**Work instruction:** All the data should be repeated exactly. Any image in it is left out.

Record extracts section start

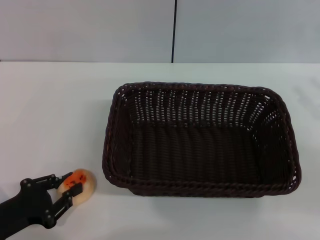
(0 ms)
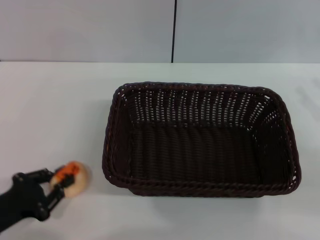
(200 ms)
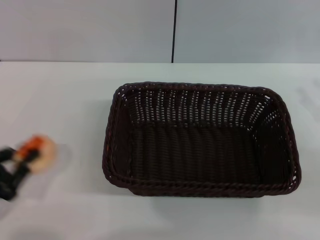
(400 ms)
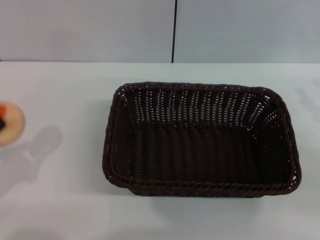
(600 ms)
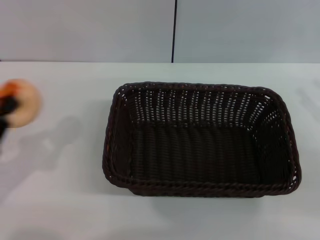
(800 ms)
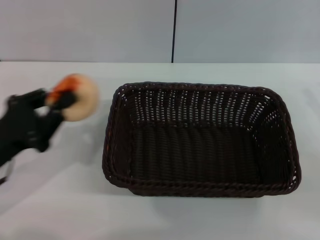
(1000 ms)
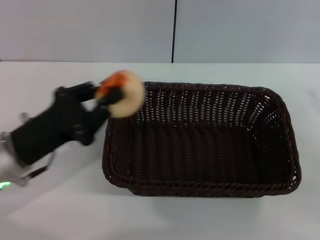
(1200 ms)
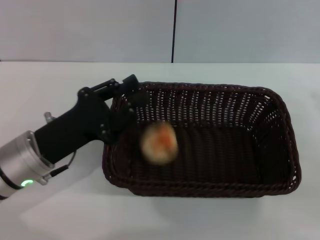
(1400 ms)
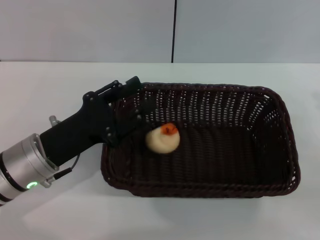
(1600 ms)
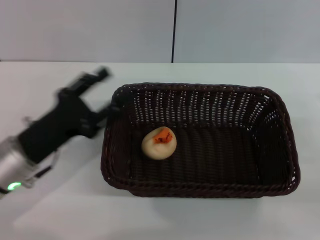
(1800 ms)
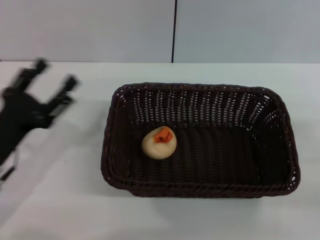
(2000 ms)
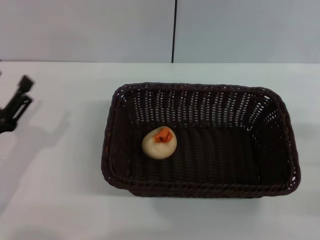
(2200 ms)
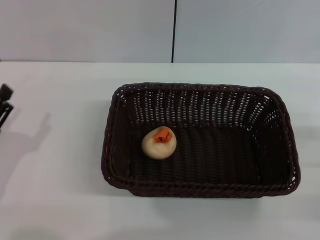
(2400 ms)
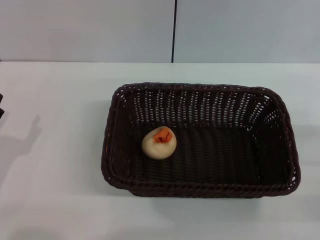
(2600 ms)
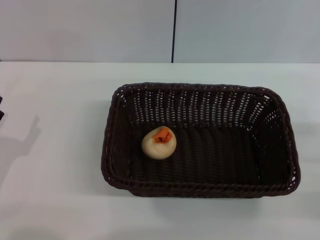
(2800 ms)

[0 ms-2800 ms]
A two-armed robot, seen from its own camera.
Step, 1000 ms to 1800 ms: Place the egg yolk pastry into the basket with the left gripper.
0 ms to 1400 ms: The left gripper moves to the right, forward and upward, about 15 cm.
1400 ms to 2800 ms: The left gripper moves to the left and backward, approximately 10 cm, and opens.

Record extracts section end

**Solution:**
(0 ms)
(200 ms)
(400 ms)
(600 ms)
(800 ms)
(1000 ms)
(1200 ms)
(1400 ms)
(1600 ms)
(1800 ms)
(2000 ms)
(2200 ms)
(2400 ms)
(2600 ms)
(2800 ms)

[0 ms-2800 ms]
A two-armed robot, seen from its own camera.
Step, 1000 ms to 1800 ms: Place the egg yolk pastry into the basket with the left gripper.
0 ms to 1400 ms: The left gripper moves to the right, forward and upward, about 15 cm.
1400 ms to 2800 ms: The left gripper moves to the left and backward, approximately 10 cm, and opens.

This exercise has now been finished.